Records excerpted from a collection

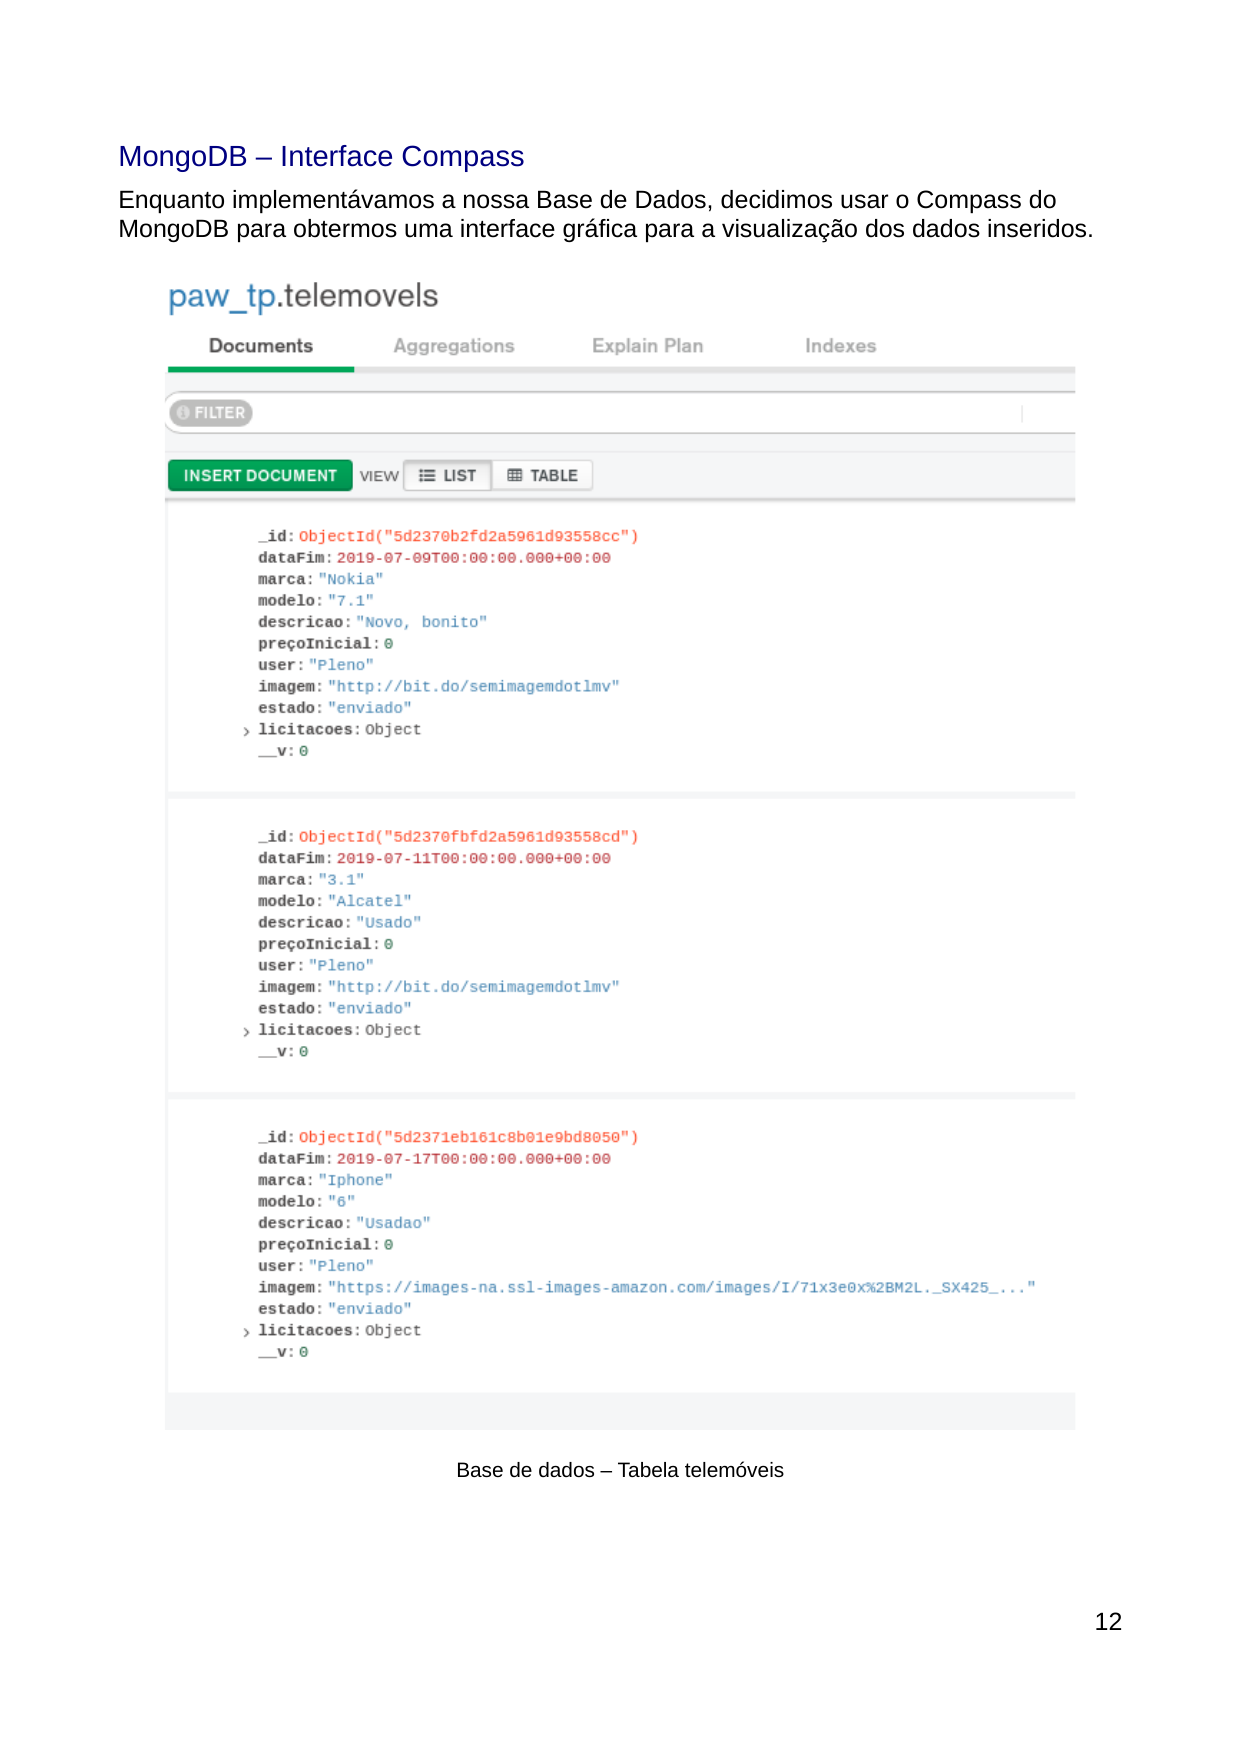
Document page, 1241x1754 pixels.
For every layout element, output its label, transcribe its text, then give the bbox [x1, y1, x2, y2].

subtitle MongoDB – Interface Compass [118, 139, 1122, 172]
picture [164, 271, 1076, 1430]
text Enquanto implementávamos a nossa Base de Dados, decidimos usar o Compass do MongoDB para obtermos uma interface gráfica para a visualização dos dados inseridos. [118, 185, 1122, 242]
text Base de dados – Tabela telemóveis [177, 1458, 1063, 1482]
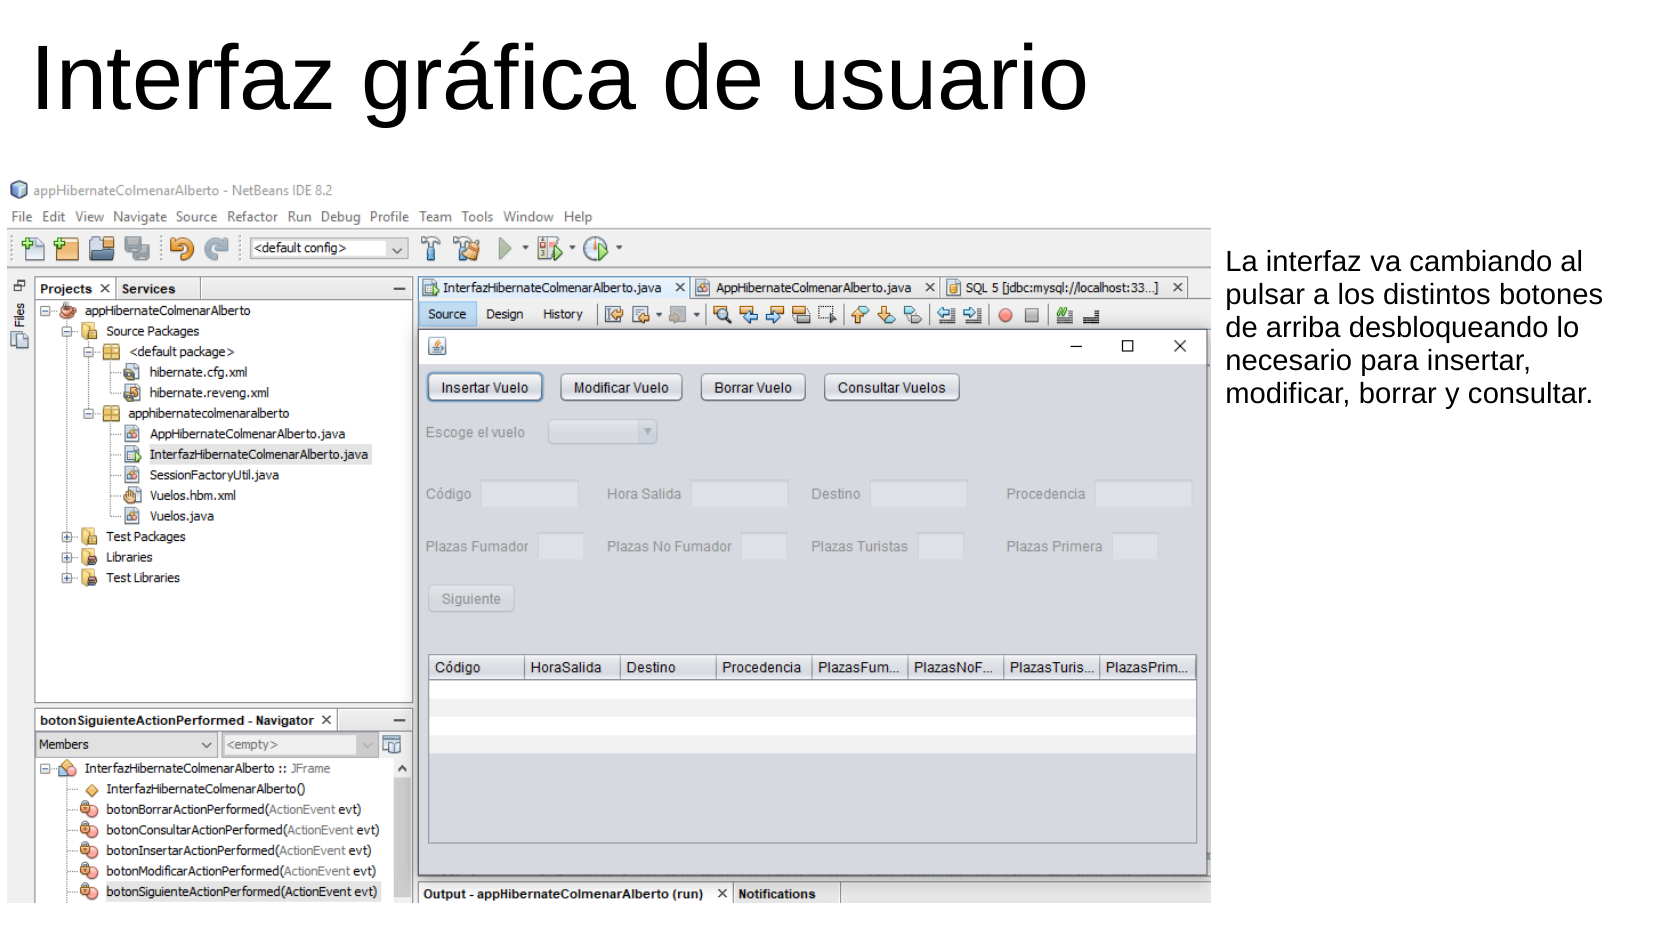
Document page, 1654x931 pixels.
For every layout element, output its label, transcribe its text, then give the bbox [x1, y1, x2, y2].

text_box La interfaz va cambiando al pulsar a los distintos botones de arriba desbloqueando lo necesario para insertar, modificar, borrar y consultar. [1210, 238, 1654, 623]
picture [7, 177, 1211, 903]
title Interfaz gráfica de usuario [0, 0, 1123, 156]

• WORK TO BE COMPLETED
Copy the lines above exactly. Do not include pictures.

• RESULT
Document page, 1241x1754 pixels.
For every layout element, output its label, transcribe its text, then give the bbox [x1, y1, x2, y2].

subtitle MongoDB – Interface Compass [118, 139, 1122, 172]
picture [164, 271, 1076, 1430]
text Enquanto implementávamos a nossa Base de Dados, decidimos usar o Compass do MongoDB para obtermos uma interface gráfica para a visualização dos dados inseridos. [118, 185, 1122, 242]
text Base de dados – Tabela telemóveis [177, 1458, 1063, 1482]
Document page, 1654x931 pixels.
For every layout element, output its label, transcribe its text, then give the bbox [x1, y1, x2, y2].

text_box La interfaz va cambiando al pulsar a los distintos botones de arriba desbloqueando lo necesario para insertar, modificar, borrar y consultar. [1210, 238, 1654, 623]
picture [7, 177, 1211, 903]
title Interfaz gráfica de usuario [0, 0, 1123, 156]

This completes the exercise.